## Exercise goal
Lines from the one containing "Task: Click where" to the end of the records, both ends included and exactly as written, are the whole answer, and no pictures go in it.

## Source material

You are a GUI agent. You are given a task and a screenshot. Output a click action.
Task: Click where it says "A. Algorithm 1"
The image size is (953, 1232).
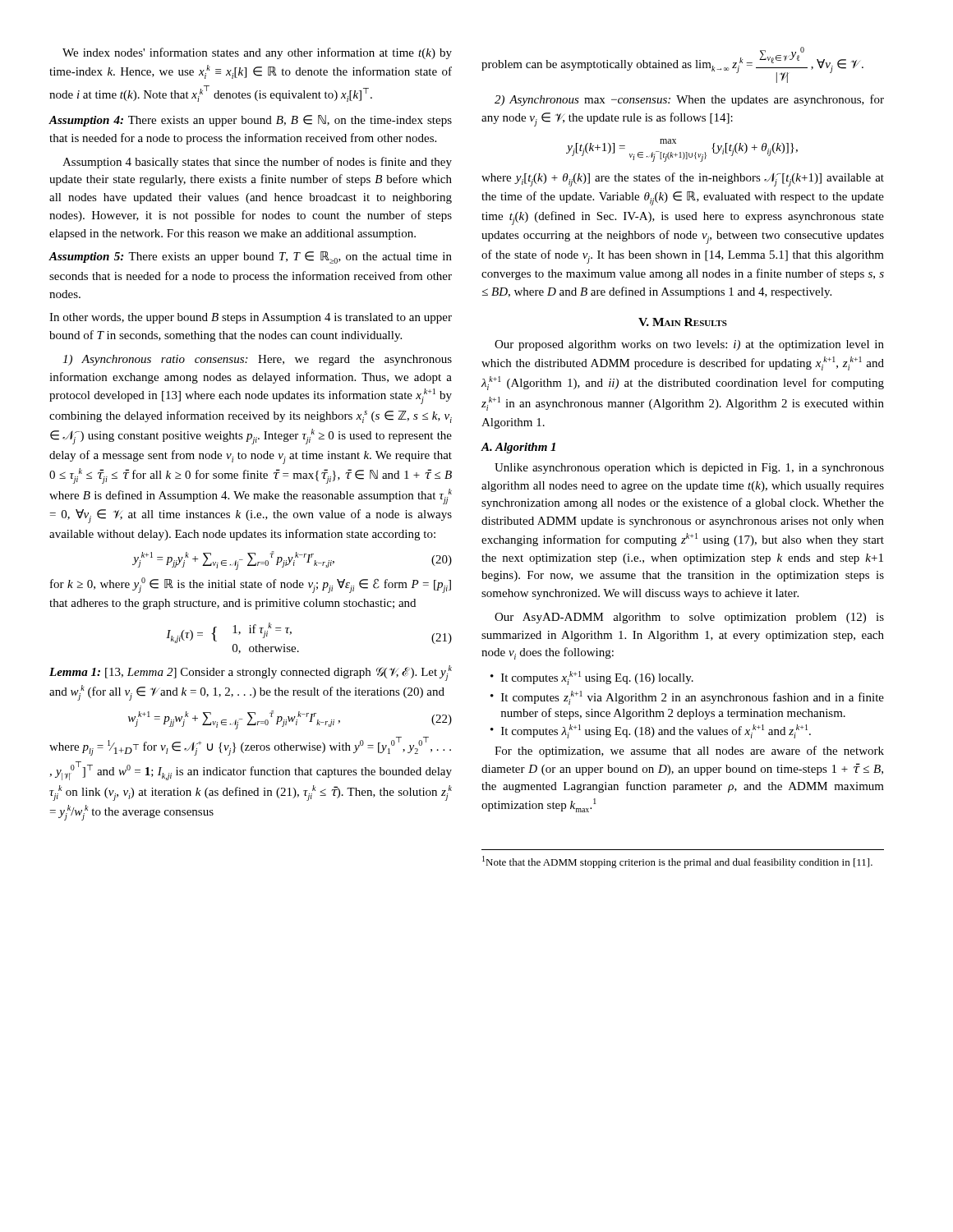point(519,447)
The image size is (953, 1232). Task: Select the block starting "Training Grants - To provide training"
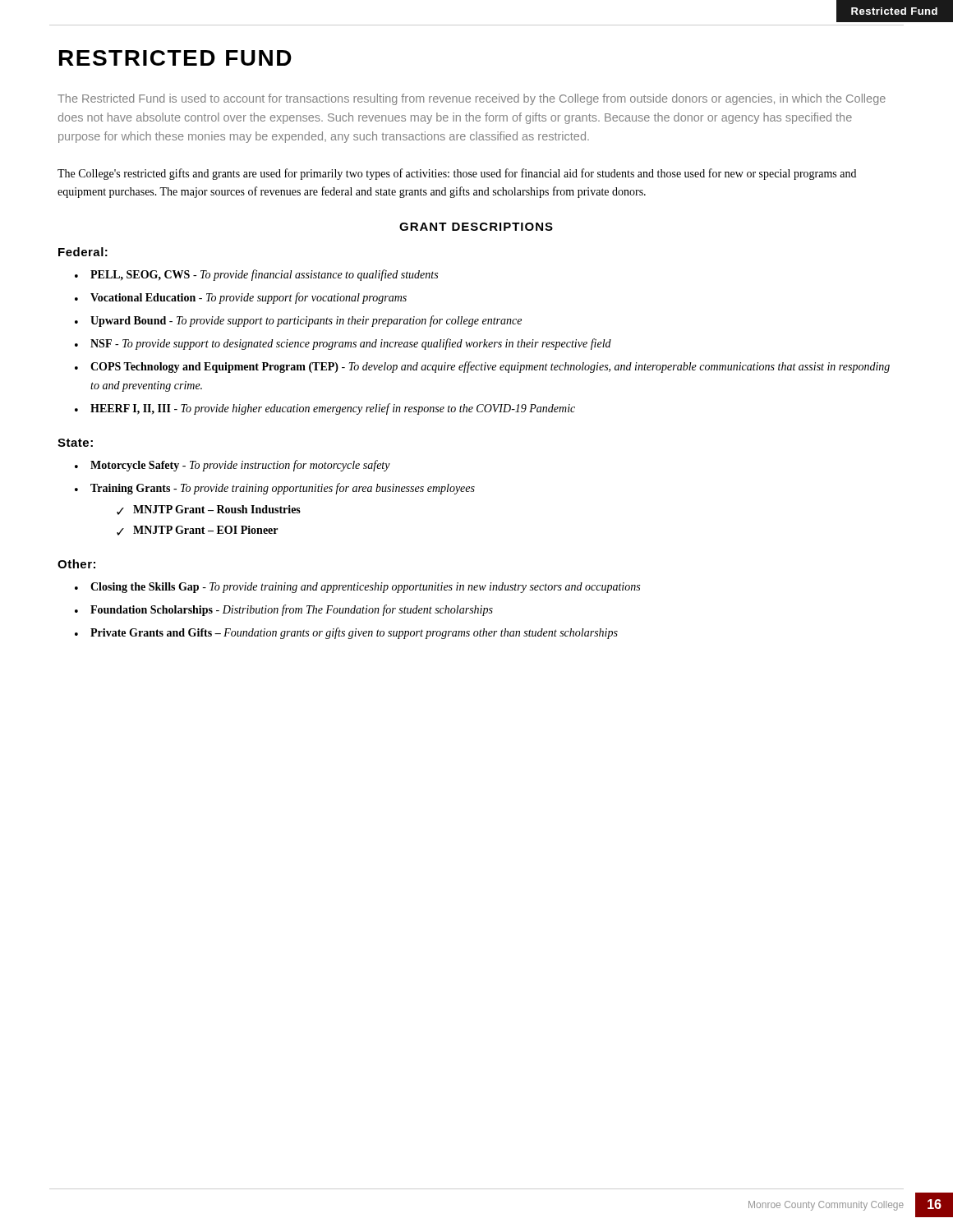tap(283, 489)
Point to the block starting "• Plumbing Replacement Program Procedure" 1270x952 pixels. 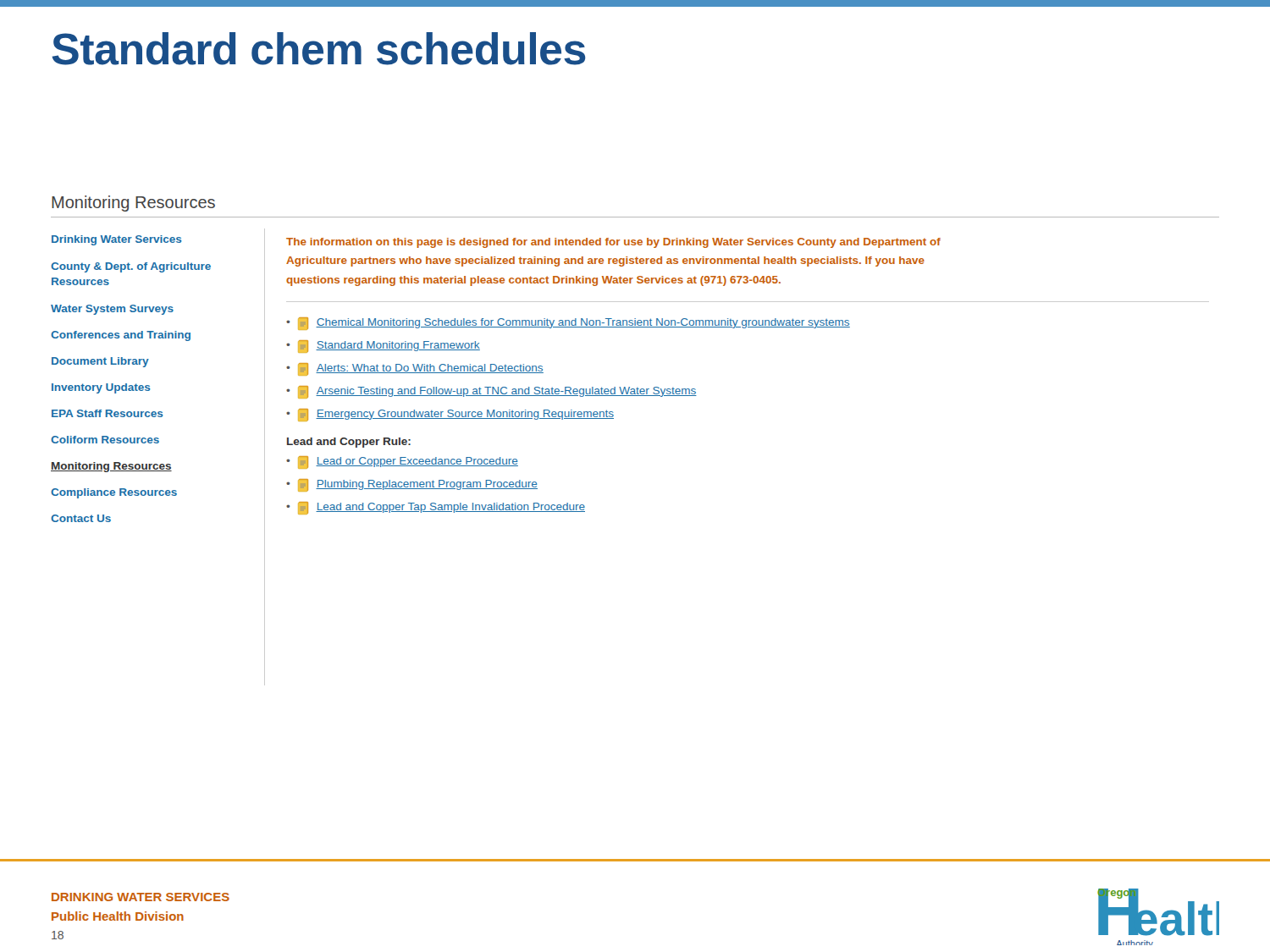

## Response for this exercise
Task: Click where it says "A. Algorithm 1"
The image size is (953, 1232).
point(519,447)
The image size is (953, 1232). Task: Select the block starting "Training Grants - To provide training"
tap(283, 489)
Point to the block starting "• Plumbing Replacement Program Procedure" 1270x952 pixels. 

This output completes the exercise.